A Lesser Known Story

by Trina Talukdar on May 14, 2009

Three things:
1. Movie Distributors  VS  Multiplex Owners  =  No new movies
2. 51 degrees centigrade  =  I am condemned indoors
3.      1 + 2 = I am suicidally bored

These three things explain why I picked up the DVD of “Maharathi,” a movie that I had never heard of, and one anyone I asked about hadn’t heard of either, from the movie rental store. I had reached a state of consciousness where, hell, I was ready to watch “Jaani Dushman” even…all over again.

So I gave the rack of the DVD player a slight push and settled down into bed to watch “Maharathi,” pulled the covers around me, all ready to get bored into sleep. The movie starts at night. I don’t like movies that start in the dark because firstly, I can’t see what’s going on, and while watching a movie I like to know what’s going on, and secondly because movies that start in the dark tend to be about robbery and intrigue and the secret services, and at the moment I just didn’t feel like taxing my mind to understand a complicated plot. But anyway, I was too lazy to get up and switch it off, so I continued watching.

It’s Paresh Rawal robbing an ATM at night, when he spots Nassiruddin Shah’s car run into an accident, and ends up saving Shah’s life. That was hopeful! I mean two of the best actors this country has ever seen wouldn’t have agreed to do a bad movie. Then along comes Neha Dhupia, as Shah’s wife, and all hope was crushed. And she wasn’t even skimpily dressed in the movie!

So Nassiruddin Shah ends up employing his savior, Rawal, as his driver, much to his wife’s distaste, and starts getting friendly with him, leading to bitter fights with Dhupia, which turn out to be quite a treat to a cusser’s ears. (Ever wondered why the censor board considers it ok to say “bitch” in a Hindi movie, but not “chutia”, although “bitch” is more insulting. I mean, she’s his wife, so obviously they’ve had sex, so obviously she’s a “fucker” and therefore “chutia” is a description of her rather than a gali…but still, they censor that word and put in “bitch” instead. Ah well… the more ridiculous the better. I have always believed that a really bad movie is just as good as a really good movie. I mean if you can manage to make a really bad movie, it’s usually so ridiculous that it’s funny and entertaining and you can have a field day bitching about it. Whereas a moderately bad movie just bores you. Which is why “Jaani Dushman” is my favourite bad movie!)

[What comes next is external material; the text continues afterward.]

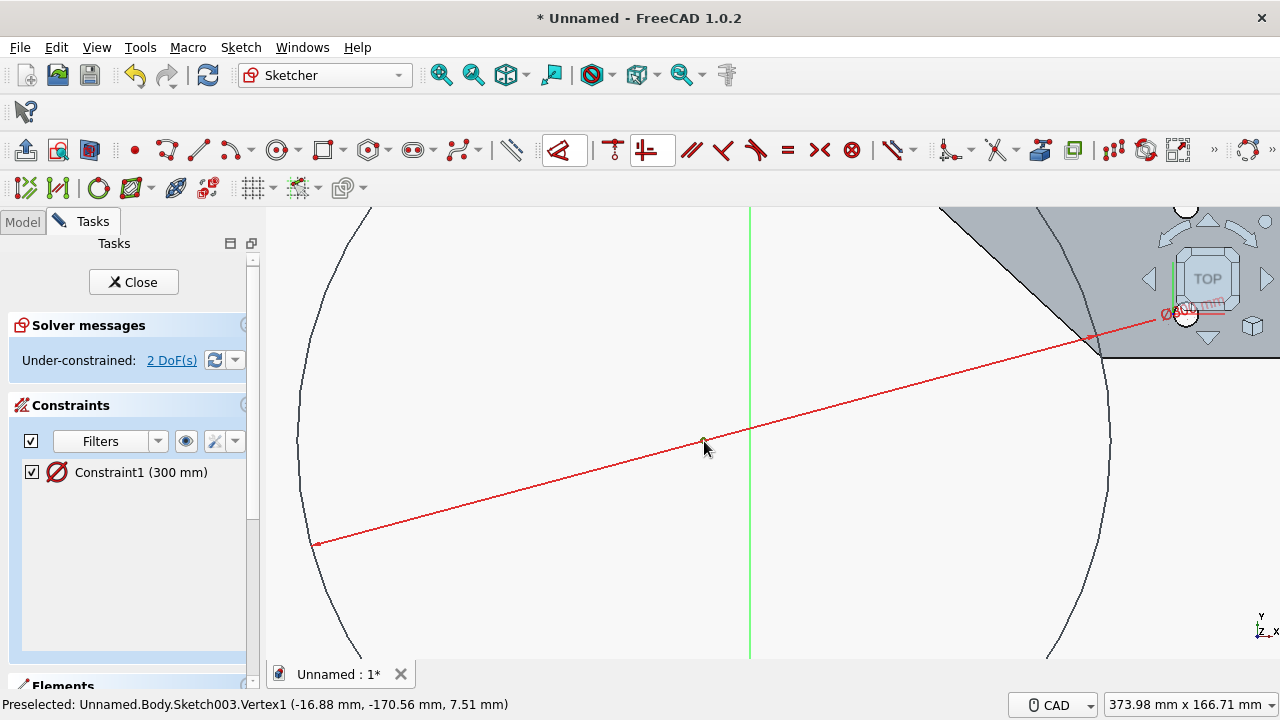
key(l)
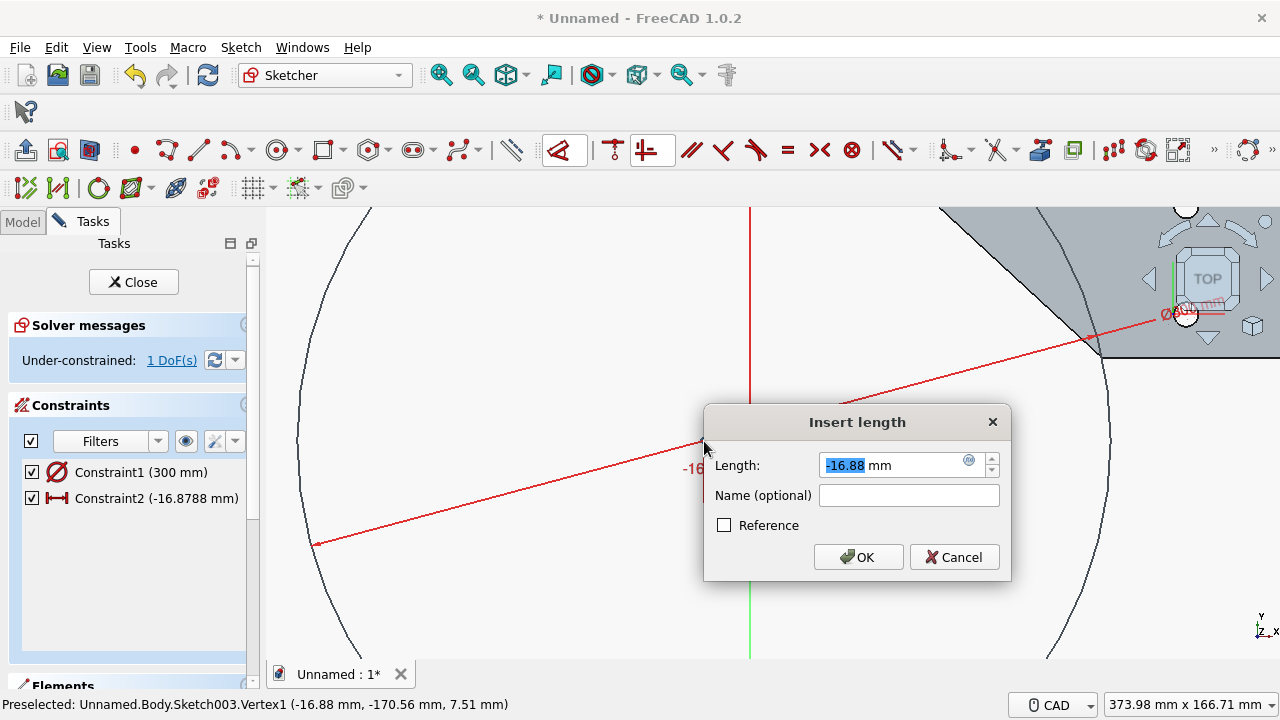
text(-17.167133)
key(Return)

So my thoughts were rambling on, when BANG! Nasiruddin Shah had just shot himself dead right in front of Neha Dhupia and Paresh Rawal. His living room Turkish carpet lay splattered in his brain and blood. What the…???

So I rewinded back from where I had drifted. Shah has a 24 crore life insurance and suspects that his wife wants to murder him to get that money. So, he changes the terms of the insurance so that she will not get any money if he commits suicide, and right before shooting himself, challenges her to prove to the court of law that he was murdered, so she could get the life insurance money. How ingeneous! If she manages to prove it’s a murder then she will get the 24 crores, but she will also be the primary suspect for the murderer and will most probably be sentenced to death in the court of law. That would make one rich dead woman! And if, to save her ass, she says it’s a suicide, then she gets none of the insurance money.

I threw back the covers, and sat up in bed. And as the movie progressed, with Rawal and Dhupia, working in liason to prove that Shah was actually kidnapped and murdered by some petty thieves, so that they can share the 24 crores between them, I edged closer and closer to the television, until by the nail-biting climax I was actually standing a feet away from the screen, hardly being able to resist the urge to fast forward to the end and kill the suspense. But the best still was the brilliant twist at the absolute last scene which leaves you hungering for a sequel.

Why? Why was this movie never publicized? Why haven’t more people watched it? Why hasn’t it gotten rave reviews and awards? I me, movies like “Kabhi Alvida Na Kehna” and “Om Shanti Om” make money and no one even gets to know about “Maharathi”?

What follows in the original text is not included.